A corner of a fenced yard forms a right angle. Can you place a 12 foot long board across the corner to form a right triangle for which the leg lengths are whole numbers? Explain.

Steps to Solve

1. Understand the Pythagorean theorem The Pythagorean theorem states that in a right triangle, the square of the length of the hypotenuse ($c$) is equal to the sum of the squares of the lengths of the other two sides ($a$ and $b$). This is expressed as: $$ c^2 = a^2 + b^2 $$

2. Identify the hypotenuse In this case, the 12-foot long board serves as the hypotenuse ($c$) of the right triangle. Thus, we have: $$ c = 12 $$

3. Set up the equation to find leg lengths We need to find whole numbers for legs $a$ and $b$ such that: $$ 12^2 = a^2 + b^2 $$

4. Calculate $12^2$ Calculating the square of 12 gives: $$ 12^2 = 144 $$

5. Rewrite the equation Now the equation becomes: $$ 144 = a^2 + b^2 $$

6. Find integer pairs $(a, b)$ We need to find pairs of whole numbers $(a, b)$ that satisfy the equation.

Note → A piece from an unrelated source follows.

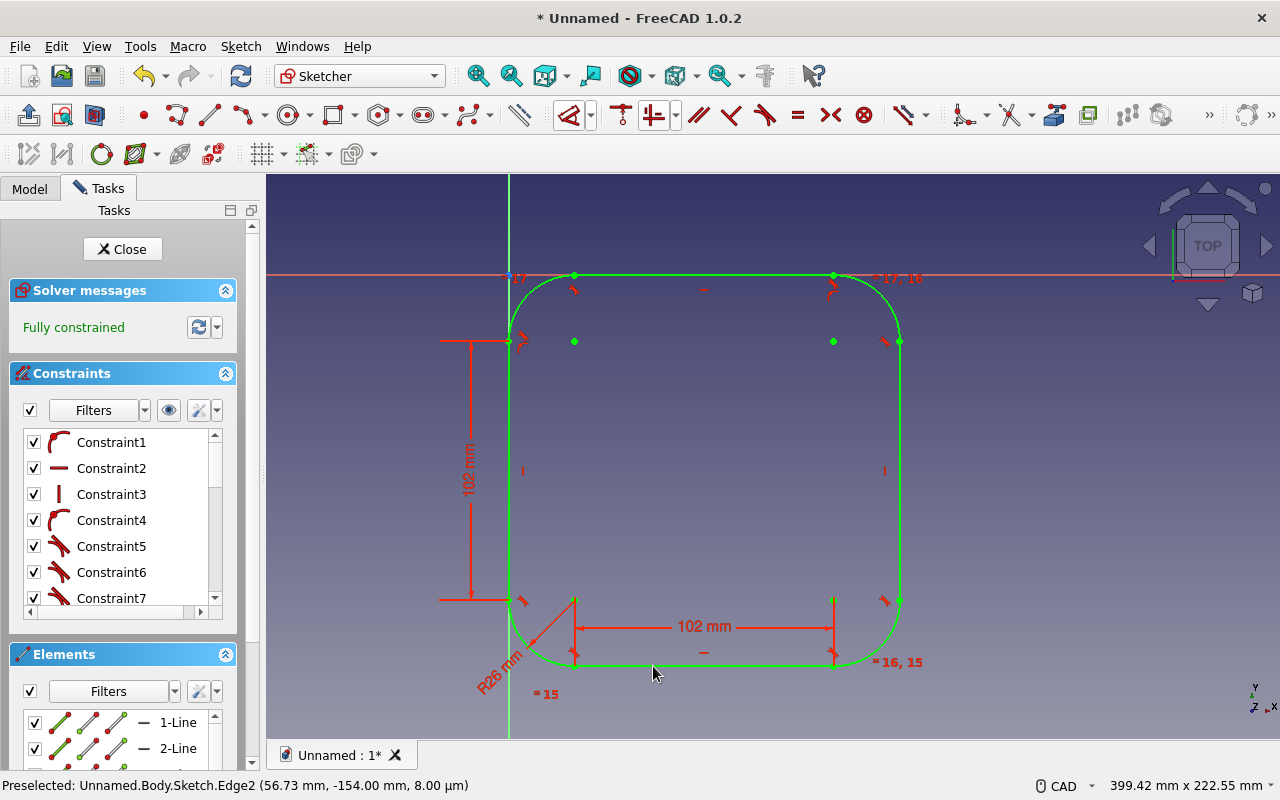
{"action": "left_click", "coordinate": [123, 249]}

We can use trial and error or organized checking:

• Start with $a = 1$, increasing up to $12$, and solve for $b^2$: $$ b^2 = 144 - a^2 $$

Testing various values:

• For $a = 6$: $$ b^2 = 144 - 6^2 = 144 - 36 = 108 \text{ (not a perfect square)} $$
• For $a = 8$: $$ b^2 = 144 - 8^2 = 144 - 64 = 80 \text{ (not a perfect square)} $$
• For $a = 10$: $$ b^2 = 144 - 10^2 = 144 - 100 = 44 \text{ (not a perfect square)} $$
• For $a = 12$: $$ b = 0 $$

Continue testing until finding values that can form perfect squares.

7. Identify suitable whole number pairs Only $(a, b) = (9, 12)$ and $(12, 9)$ will give perfect squares (e.g., $9^2 + 12^2 = 81 + 144 = 225$, not valid). However, if integer pairs exist, confirm valid combinations.